La parola del Signore e le nostre parole
29 marzo 2022
Un giorno una parola – commento a Numeri 23, 12
Non devo forse stare attento a dire soltanto ciò che il Signore mi mette in bocca?
Numeri 23, 12
Quanto a noi, non possiamo non parlare delle cose che abbiamo viste e udite
Atti degli apostoli 4, 20
In questo testo parla Balaam, il veggente moabita pagato da Balak, suo re, per maledire Israele. Il racconto è deliziosamente fiabesco. Dio avverte una volta Balaam di non “maledire” il suo popolo; dunque, vi è il divieto di usare le parole come strumento magico che “dicendo” il male lo attiri sull’avversario. Oggi sappiamo molto bene come funzionava nel mondo antico la credenza nella potenza mistica delle parole per causare il male, prevenirlo o evitarlo. Sarà poi l’asina che con le “sue parole” fermerà le formule di maledizione di Balaam trasformandole in formule di benedizione; paradosso dei paradossi, l’animale irrazionale, senza parola, sarà l’unico a riconoscere la presenza dell’angelo del Signore e a ripetere il divieto divino di maledire il nemico. Balak chiederà allora spiegazioni di perché la maledizione comprata da lui e dai principi moabiti e madianiti si sia trasformata invece in parole di benedizione sulle labbra dell’indovino.
La formula usata ora da Balaam è semplice ma efficace e definirà il rapporto del veggente con la parola divina.
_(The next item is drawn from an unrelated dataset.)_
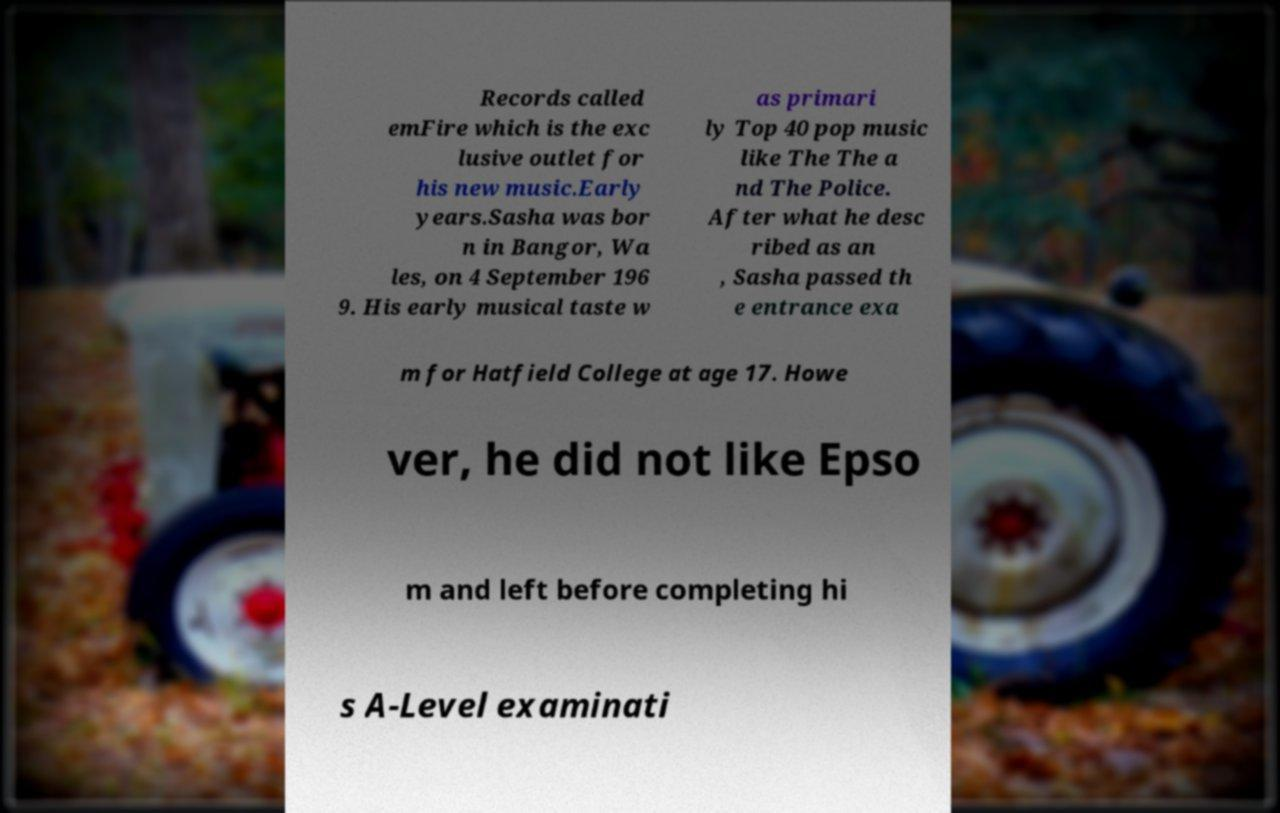Could you extract and type out the text from this image? Records called emFire which is the exc lusive outlet for his new music.Early years.Sasha was bor n in Bangor, Wa les, on 4 September 196 9. His early musical taste w as primari ly Top 40 pop music like The The a nd The Police. After what he desc ribed as an , Sasha passed th e entrance exa m for Hatfield College at age 17. Howe ver, he did not like Epso m and left before completing hi s A-Level examinati

Come si rapportano le nostre parole umane adombrate tra le due possibilità del dire e dell’esistere tra la vita e la morte, il peccato e la grazia? Come possono le nostre parole umane “contenere” in esse la davar divina, il divino parlare creatore? Non usciamo dai tentativi maldestri che ci propongono alcune teologie sull’ispirazione poco ispirate. Ecco il problema con il nostro testo, il verbo ysym dobbiamo tradurlo ha messo (immesso), nel senso di introdurre, dettare o ha posto nel senso che insieme con le mie parole vi sarà la parola del Signore? Nell’originale l’ordine del dire è invertito rispetto la traduzione. Dio “pone” le sue parole sulla nostra bocca, poi noi dobbiamo “dirle” con le nostre parole sapendo che Dio è Colui che muta la maledizione in benedizione. Non vi è altra possibilità, le parole del Signore vengono a noi e devono essere dette impigliate nelle nostre parole.